Cependant, elle n’arrivait pas à chasser de son esprit le corollaire : l’amour et la haine. Et si, après l’amour venait la haine, c’est souvent le lot des passions. Les offrandes seraient-elles tachées par le sang.
Peu m’importe son or, se dit elle, s’il doit piétiner mon corps, peu m’importe son or, si ma tête et mes jambes ne sont pas d’a ccord ! Peu me chaut son argent s’il doit faire couler mon propre sang.
Il injurie mes amis sur ma terre et ne me dit pas qui sont les siens ! Sans doute des cavaliers de la nuit enrobés dans les linceuls verts enfourchant des nuages aussi menaçants que les orages d’automne !
La BELLE égarée ne savait plus à quel Saint se vouer; elle s’agenouilla et fit une prière :
- “Mon Dieu, vous qui me permettez de choisir mes amis, protégez-moi des bonnes intentions de certains de mes frères”.
- Mon Dieu soufflez dans le coeur des miens la foi et montrez leur les voies du labeur et du sérieux, ce sont les seules qui mènent vers vous”.
La jeune fille décidé de réunir les sages de toutes les tribus et d’écouter leurs avis.

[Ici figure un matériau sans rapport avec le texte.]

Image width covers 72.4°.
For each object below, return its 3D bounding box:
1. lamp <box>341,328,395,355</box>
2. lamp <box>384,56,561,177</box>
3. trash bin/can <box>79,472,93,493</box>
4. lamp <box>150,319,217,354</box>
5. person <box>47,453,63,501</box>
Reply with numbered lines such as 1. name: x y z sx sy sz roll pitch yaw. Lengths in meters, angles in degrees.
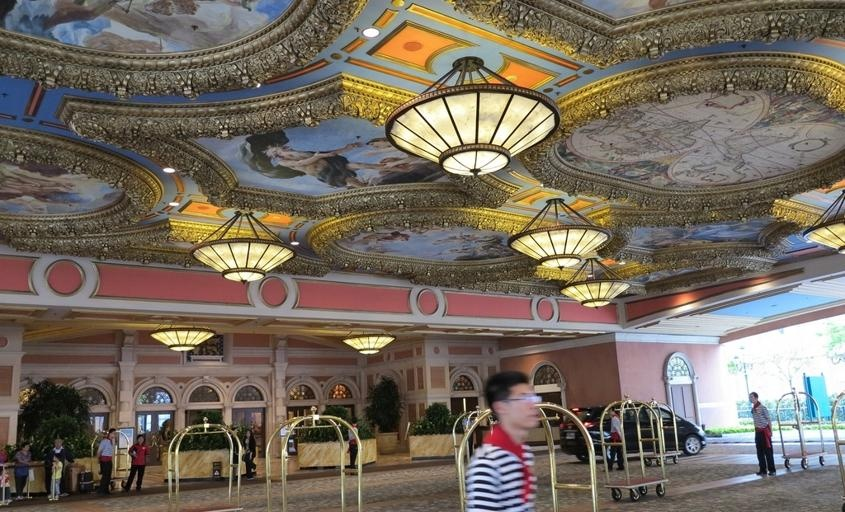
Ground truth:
1. lamp: -2.302 3.749 25.541 3.238 0.621 2.228 0 -30 -4
2. lamp: 0.834 -2.506 9.718 3.455 1.390 2.481 -1 -21 1
3. trash bin/can: -11.115 7.423 18.975 0.457 0.660 0.366 5 -23 -23
4. lamp: -8.741 2.987 21.367 2.421 0.528 1.686 1 -28 -4
5. person: -11.330 6.810 17.792 0.371 1.287 0.749 7 -23 -27
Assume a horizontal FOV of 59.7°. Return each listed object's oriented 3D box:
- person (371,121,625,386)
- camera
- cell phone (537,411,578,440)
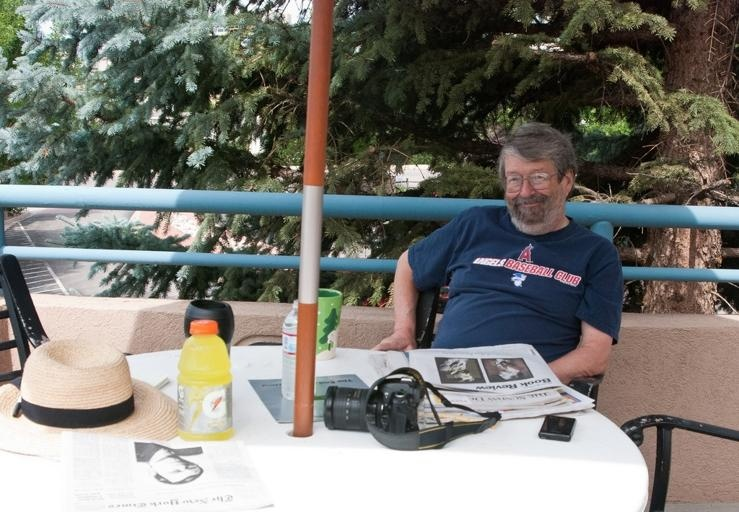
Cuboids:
[{"bbox_3d":[0.599,-0.021,2.993,0.812,1.048,1.291,-22,22,-38],"label":"person"},{"bbox_3d":[0.010,0.435,1.798,0.267,0.105,0.221,2,33,3],"label":"camera"},{"bbox_3d":[0.548,0.499,1.881,0.076,0.014,0.068,4,19,22],"label":"cell phone"}]
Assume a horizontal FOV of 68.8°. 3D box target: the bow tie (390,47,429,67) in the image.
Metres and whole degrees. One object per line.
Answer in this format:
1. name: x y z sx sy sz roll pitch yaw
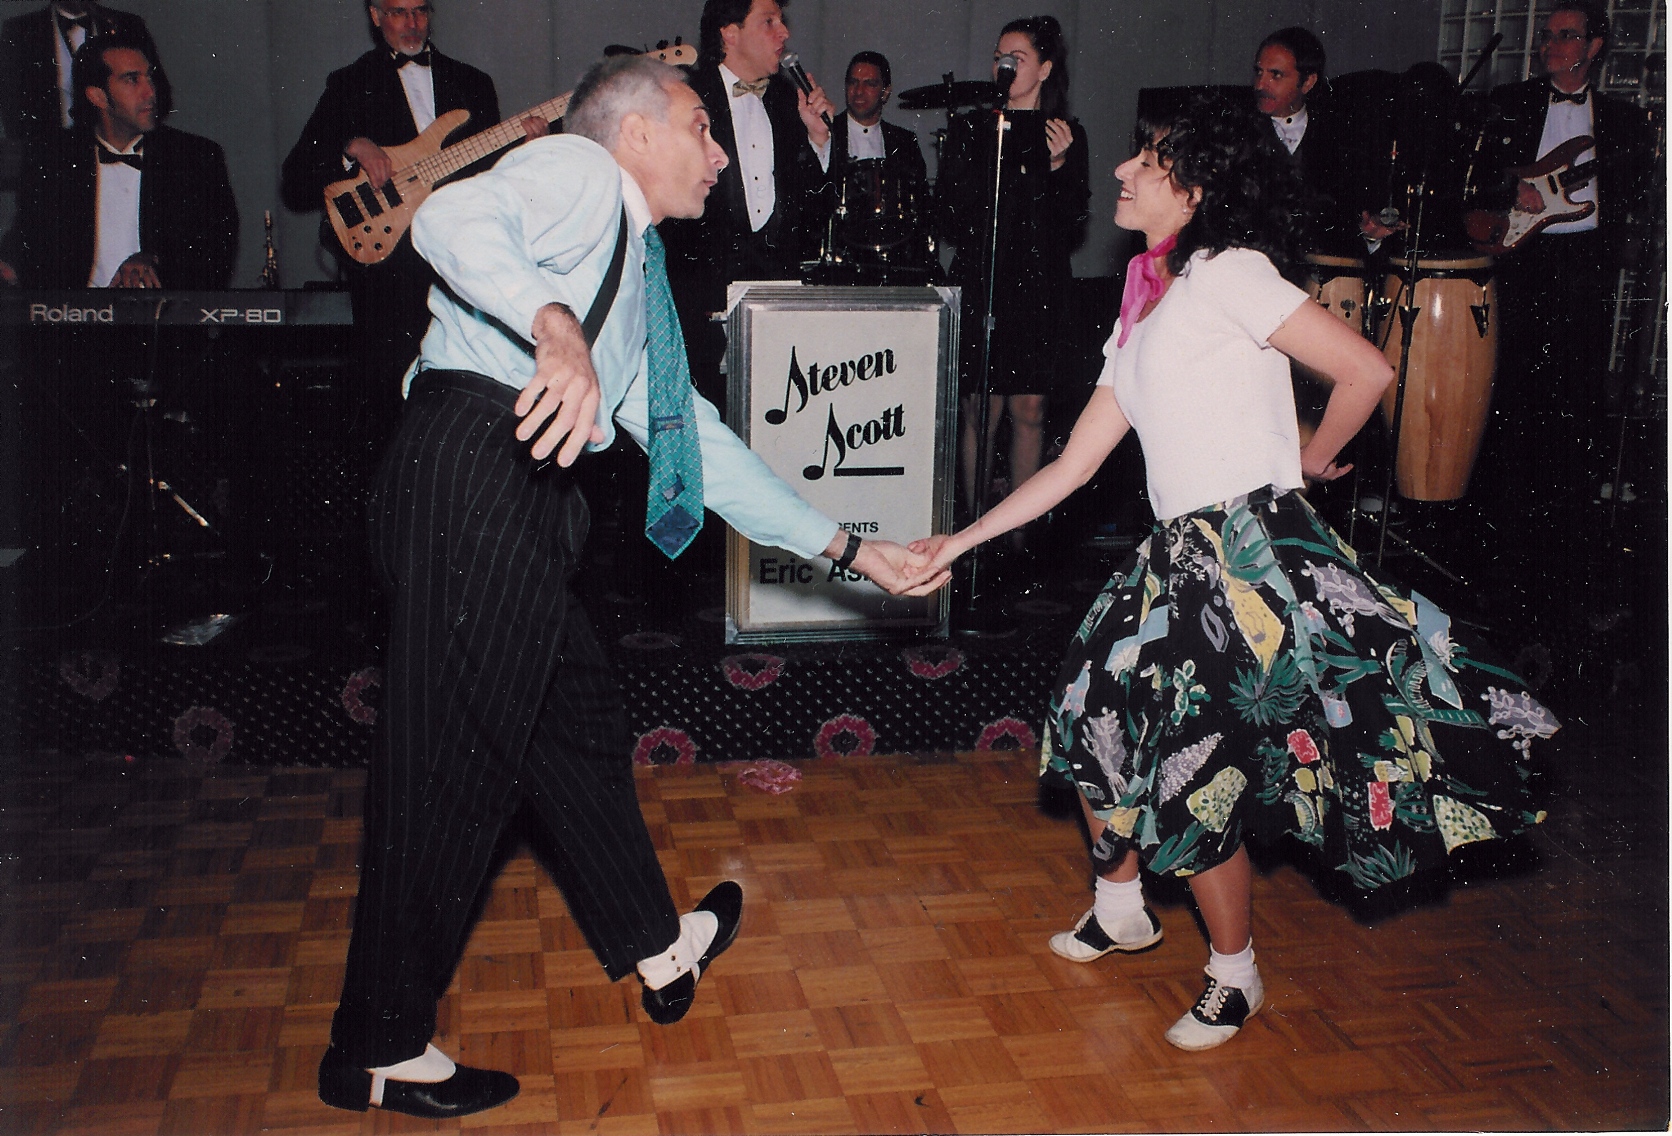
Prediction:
1. bow tie: -1.809 -2.169 5.203 0.099 0.038 0.080 6 13 24

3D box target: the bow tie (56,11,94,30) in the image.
1. bow tie: -3.026 -2.175 4.836 0.077 0.061 0.082 21 32 26

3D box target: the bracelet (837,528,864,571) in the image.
1. bracelet: 0.032 -0.046 2.856 0.051 0.080 0.082 25 35 15

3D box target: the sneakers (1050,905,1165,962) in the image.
1. sneakers: 0.649 0.884 2.967 0.222 0.102 0.126 -2 3 -1

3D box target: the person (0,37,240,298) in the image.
1. person: -2.761 -1.538 4.632 0.734 0.898 0.348 -1 20 1

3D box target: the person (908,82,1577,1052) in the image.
1. person: 0.902 0.028 2.580 1.020 1.922 0.584 0 20 5

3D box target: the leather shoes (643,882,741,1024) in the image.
1. leather shoes: -0.325 0.863 2.841 0.105 0.129 0.330 15 29 9

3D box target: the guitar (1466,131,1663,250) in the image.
1. guitar: 2.941 -1.684 5.203 0.302 0.103 0.801 -3 50 -10

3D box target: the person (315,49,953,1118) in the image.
1. person: -0.555 0.030 2.484 0.686 1.999 1.097 7 22 23

Les sages ont estimé le fardeau très lourd et préférèrent s’en référer au peuple par un référendum.
Le plus ancien proposait qu’on écoute attentivement les deux peuples. Si les Hommes sont mortels, les nations demeurent -même les plus petites- ont droit à l’existence autonome, à la liberté et à la paix.
Hélas, le parchemin rapportant ce récit est déchiré, on ne connaîtra pas la fin de ce conte : Qu’est devenue la BELLE ? Qu’est devenue la BETE ? La légende rapporte que les Hommes de la BELLE qui sont légion promirent le mariage à leurs conditions : la BETE devait se dépouiller de ses airs de conquérant; elle devait policer son langage, elle devait respecter les racines de la BELLE et ses ancêtres; elle ne devait plus injurier les amis de la BELLE, et surtout, surtout elle devait se convaincre que la BELLE était libre et devait le demeurer.